Émile se décompose par âges  : le premier livre s'intéresse aux enfants de 0 à 5 ans et au développement physique qu'elle impose, le second aux enfants de 5 à 12 ans et au développement de leurs sens, le troisième aux enfants de 12 à 15 ans, «  l'âge de force  » où Rousseau met en évidence le difficile choix d'un métier futur (Émile sera menuisier), le quatrième aux enfants de 15 à 20 ans, dans lequel Rousseau soulève toutes les questions relatives au sexe, aux drogues, à l'amour et à la

religion, et le dernier ouvrage traite du mariage, de l'éducation des femmes et de la famille.

Le monde entier place Rousseau en haut de l'échelle des éducateurs, pourtant il a abandonné ses cinq enfants (ce que Voltaire a soigneusement dénoncé plusieurs fois, afin de montrer toute l'ironie de son ennemi). Rousseau distingue trois éducations qui façonnent l'homme  : « Cette éducation nous vient de la nature, ou des hommes, ou des choses" (livre 1er). Selon lui, une éducation parfaite serait celle qui arriverait à orienter ces trois éducations dans un même sens, une mauvaise éducation au contraire serait celle qui ne les orienterait pas vers les mêmes finalités et donc rendrait l'enfant confus. Rousseau insiste sur le respect de la liberté naturelle de l'enfant, ce qui l'amène à critiquer les parents qui ont recours à des nourrices («  la véritable nourrice est la mère  ») et à des précepteurs étrangers (« le véritable précepteur est le père. »)

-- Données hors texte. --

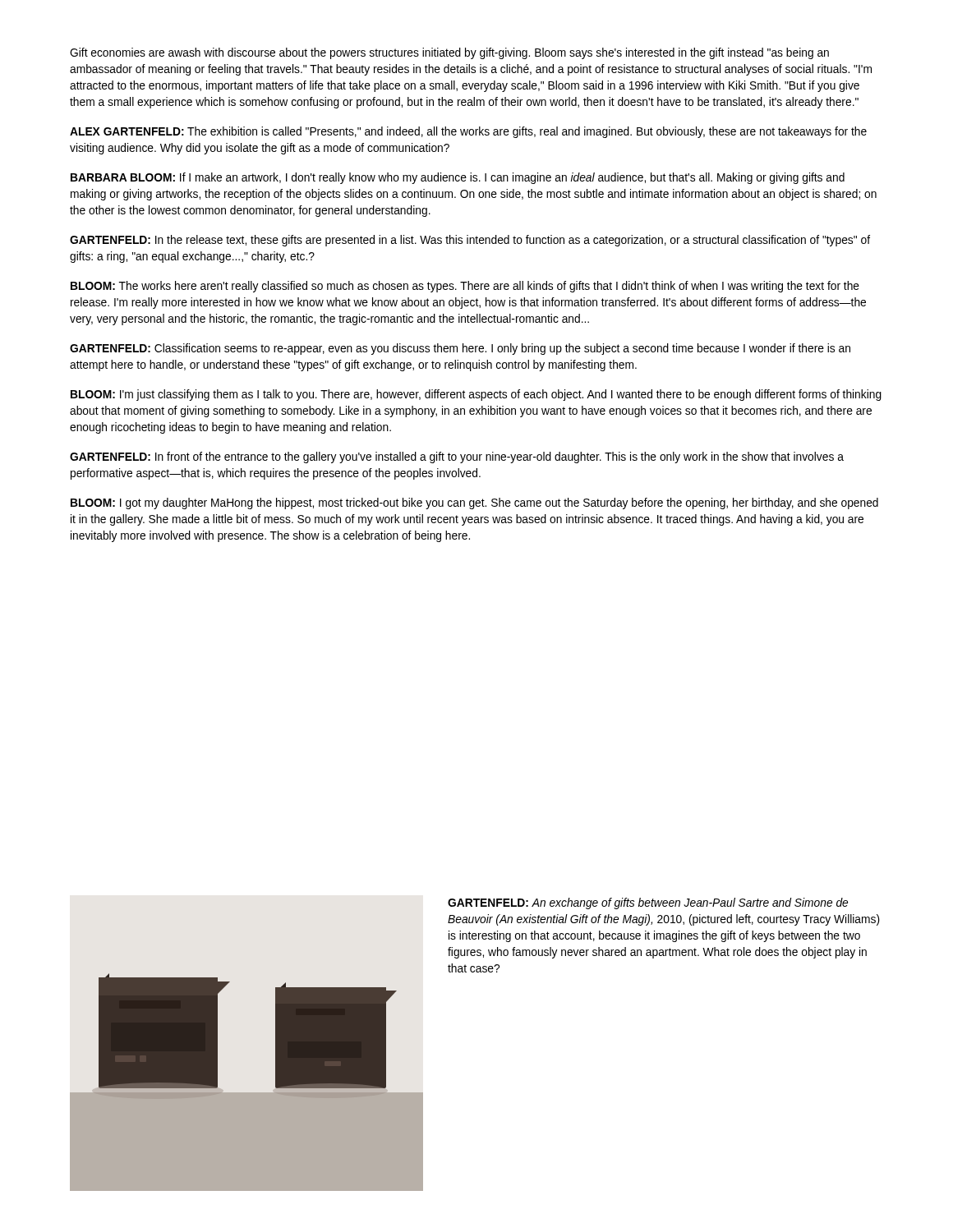The height and width of the screenshot is (1232, 953).
Task: Select the element starting "GARTENFELD: In front"
Action: (457, 465)

Les principes des devoirs de l'homme s'enracinent dans l'intérêt personnel. L'idée de justice, par exemple, n'est relative qu'aux intérêts propres à chacun. Les passions de l'homme ne doivent être étouffées, car elles ont l'amour de soi pour principe et parce qu'elles visent naturellement la conservation de soi. Elles ne deviennent mauvaises que par le biais d'un mauvais usage, c'est à dire lorsqu'elles deviennent excessives. Tout cela doit être conduit et maîtrisé par l'éducateur, sans pour autant aller contre la nature.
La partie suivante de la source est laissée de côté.